>>>>>

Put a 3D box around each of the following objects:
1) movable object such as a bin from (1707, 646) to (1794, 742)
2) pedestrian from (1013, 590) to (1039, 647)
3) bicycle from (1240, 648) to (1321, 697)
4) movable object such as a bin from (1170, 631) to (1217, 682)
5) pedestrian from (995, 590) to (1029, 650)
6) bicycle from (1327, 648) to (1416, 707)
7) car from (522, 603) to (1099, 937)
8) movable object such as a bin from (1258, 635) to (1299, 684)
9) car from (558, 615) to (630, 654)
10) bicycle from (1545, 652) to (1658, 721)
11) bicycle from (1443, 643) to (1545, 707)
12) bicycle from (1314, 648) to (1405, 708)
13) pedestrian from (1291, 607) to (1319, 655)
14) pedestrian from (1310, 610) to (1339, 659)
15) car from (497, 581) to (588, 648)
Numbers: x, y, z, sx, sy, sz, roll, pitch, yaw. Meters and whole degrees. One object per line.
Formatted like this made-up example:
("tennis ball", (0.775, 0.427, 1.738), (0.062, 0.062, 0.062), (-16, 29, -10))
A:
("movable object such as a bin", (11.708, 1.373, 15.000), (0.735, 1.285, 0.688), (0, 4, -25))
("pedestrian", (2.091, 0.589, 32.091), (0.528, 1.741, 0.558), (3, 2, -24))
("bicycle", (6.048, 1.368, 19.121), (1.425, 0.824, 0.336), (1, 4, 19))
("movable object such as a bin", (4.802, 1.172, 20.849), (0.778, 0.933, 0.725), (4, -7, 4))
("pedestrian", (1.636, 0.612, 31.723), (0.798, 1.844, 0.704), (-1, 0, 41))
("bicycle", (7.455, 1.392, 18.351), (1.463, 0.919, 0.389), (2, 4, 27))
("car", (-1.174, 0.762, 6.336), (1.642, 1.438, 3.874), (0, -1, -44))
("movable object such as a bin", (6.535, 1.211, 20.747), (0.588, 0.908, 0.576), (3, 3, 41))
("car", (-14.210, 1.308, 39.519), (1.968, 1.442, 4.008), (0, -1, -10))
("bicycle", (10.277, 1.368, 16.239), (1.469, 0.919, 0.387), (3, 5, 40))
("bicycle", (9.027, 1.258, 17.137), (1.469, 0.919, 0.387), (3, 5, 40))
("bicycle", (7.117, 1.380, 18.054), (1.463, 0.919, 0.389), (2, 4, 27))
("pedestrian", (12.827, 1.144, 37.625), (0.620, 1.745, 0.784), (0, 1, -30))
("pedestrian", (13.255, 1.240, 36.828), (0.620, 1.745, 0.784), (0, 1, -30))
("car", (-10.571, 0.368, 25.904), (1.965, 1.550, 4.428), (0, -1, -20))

<<<<<

TASK DETAILS -> Please reproduce the material in its entirety, exactly as it stands.

ANSWER TO THIS EXERCISE ->
Put a 3D box around each of the following objects:
1) movable object such as a bin from (1707, 646) to (1794, 742)
2) pedestrian from (1013, 590) to (1039, 647)
3) bicycle from (1240, 648) to (1321, 697)
4) movable object such as a bin from (1170, 631) to (1217, 682)
5) pedestrian from (995, 590) to (1029, 650)
6) bicycle from (1327, 648) to (1416, 707)
7) car from (522, 603) to (1099, 937)
8) movable object such as a bin from (1258, 635) to (1299, 684)
9) car from (558, 615) to (630, 654)
10) bicycle from (1545, 652) to (1658, 721)
11) bicycle from (1443, 643) to (1545, 707)
12) bicycle from (1314, 648) to (1405, 708)
13) pedestrian from (1291, 607) to (1319, 655)
14) pedestrian from (1310, 610) to (1339, 659)
15) car from (497, 581) to (588, 648)
Numbers: x, y, z, sx, sy, sz, roll, pitch, yaw. Meters and whole degrees. One object per line.
Formatted like this made-up example:
("tennis ball", (0.775, 0.427, 1.738), (0.062, 0.062, 0.062), (-16, 29, -10))
A:
("movable object such as a bin", (11.708, 1.373, 15.000), (0.735, 1.285, 0.688), (0, 4, -25))
("pedestrian", (2.091, 0.589, 32.091), (0.528, 1.741, 0.558), (3, 2, -24))
("bicycle", (6.048, 1.368, 19.121), (1.425, 0.824, 0.336), (1, 4, 19))
("movable object such as a bin", (4.802, 1.172, 20.849), (0.778, 0.933, 0.725), (4, -7, 4))
("pedestrian", (1.636, 0.612, 31.723), (0.798, 1.844, 0.704), (-1, 0, 41))
("bicycle", (7.455, 1.392, 18.351), (1.463, 0.919, 0.389), (2, 4, 27))
("car", (-1.174, 0.762, 6.336), (1.642, 1.438, 3.874), (0, -1, -44))
("movable object such as a bin", (6.535, 1.211, 20.747), (0.588, 0.908, 0.576), (3, 3, 41))
("car", (-14.210, 1.308, 39.519), (1.968, 1.442, 4.008), (0, -1, -10))
("bicycle", (10.277, 1.368, 16.239), (1.469, 0.919, 0.387), (3, 5, 40))
("bicycle", (9.027, 1.258, 17.137), (1.469, 0.919, 0.387), (3, 5, 40))
("bicycle", (7.117, 1.380, 18.054), (1.463, 0.919, 0.389), (2, 4, 27))
("pedestrian", (12.827, 1.144, 37.625), (0.620, 1.745, 0.784), (0, 1, -30))
("pedestrian", (13.255, 1.240, 36.828), (0.620, 1.745, 0.784), (0, 1, -30))
("car", (-10.571, 0.368, 25.904), (1.965, 1.550, 4.428), (0, -1, -20))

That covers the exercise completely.